La bonne nouvelle, c'est que des actions extrêmement rapides, coordonnées et je l'espère efficace, sont menées en Ukraine. Avec le FMI, l'Union européenne, le G7, nous travaillons beaucoup aussi sur ces questions d'État de droit et de lutte contre la corruption. Dans le programme actuel du FMI et dans l'aide financière de l'Union européenne, il y a des conditions sur la lutte contre la corruption. Elle conditionnera le montant, le volume et la rapidité de l'aide internationale. 

Est-ce que ces projets en Ukraine se feront au détriment d'autres projets dans d'autres pays du monde ? 
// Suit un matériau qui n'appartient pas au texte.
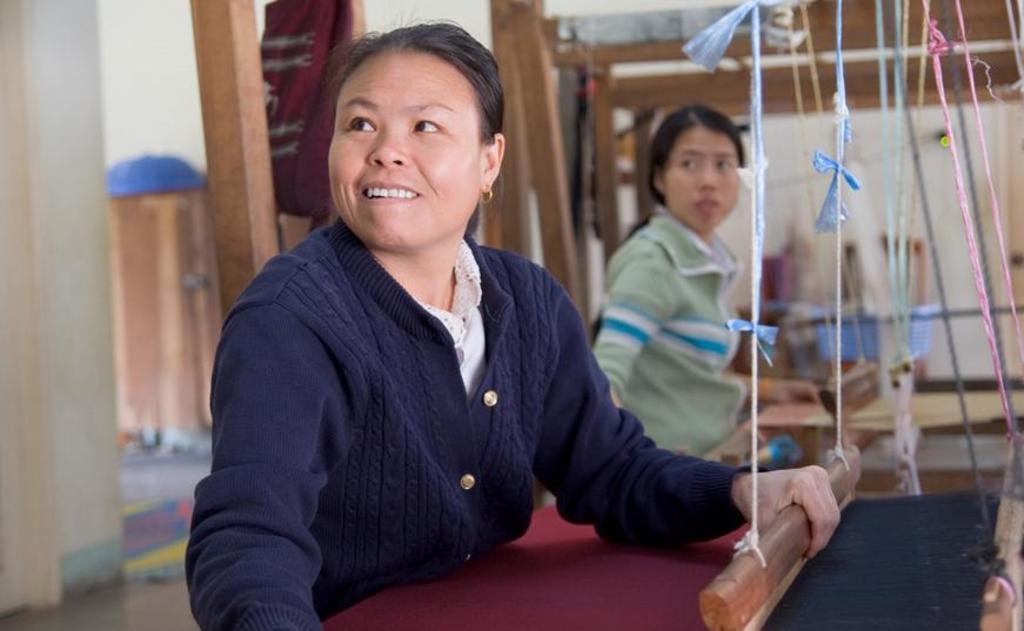In one or two sentences, can you explain what this image depicts? In this picture we can see a woman loom weaving. There is another person and a few objects are visible in the background.

Absolument pas. La situation en Ukraine a accru la demande pour nos financements en Europe centrale, dans les pays baltes, dans les Balkans, en Roumanie, en Bulgarie. En 2021, nous avions investi 4 milliards d’euros dans cette région. L'année dernière, nous avons investi 5 milliards. Même chose en Afrique du Nord et au Moyen-Orient, où nous avons ajouté un milliard d’euros. Un choix lié à la situation géopolitique en Ukraine et, pour ce qui est de l'Afrique et du Moyen-Orient, à l'augmentation des prix des denrées alimentaires et aux difficultés d'approvisionnement. 

Précisément, vous êtes déjà présent au Maghreb. Envisagez-vous des projets en Afrique subsaharienne ? 
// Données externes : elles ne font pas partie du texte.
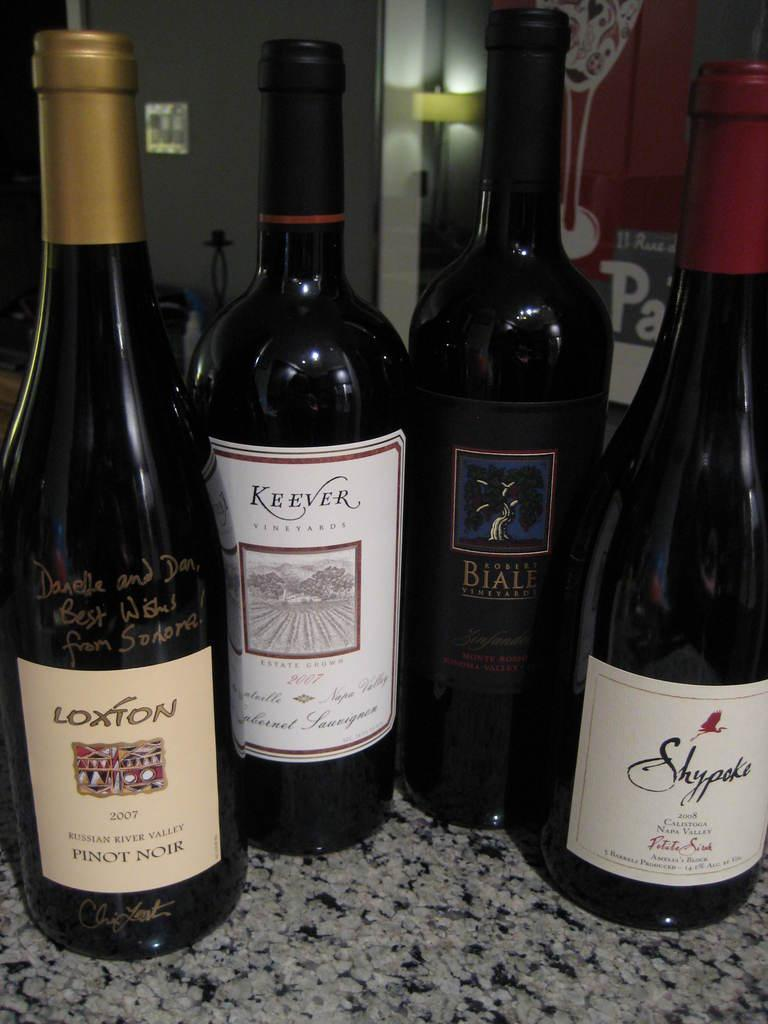<image>
Provide a brief description of the given image. A bottle of Loxton 2007 Russian River Valley Pinot Noir sits on a counter with a bottle of Keever 2007 Cabernet Sauvignon and 2 others.

Nous sommes en effet présents au Maroc, en Tunisie, mais aussi en Égypte, en Jordanie, au Liban et dans les territoires palestiniens. L'Algérie pourrait devenir un pays d'opération. La seconde chose, c'est qu’à notre Assemblée générale qui se tiendra au mois de mai à Samarcande en Ouzbékistan, nos actionnaires se poseront la question d'une expansion éventuelle de la BERD, en Irak et dans certains pays d'Afrique subsaharienne dont la liste n'est pas encore définitivement établie. Cette expansion sera de toute façon prudente et limitée.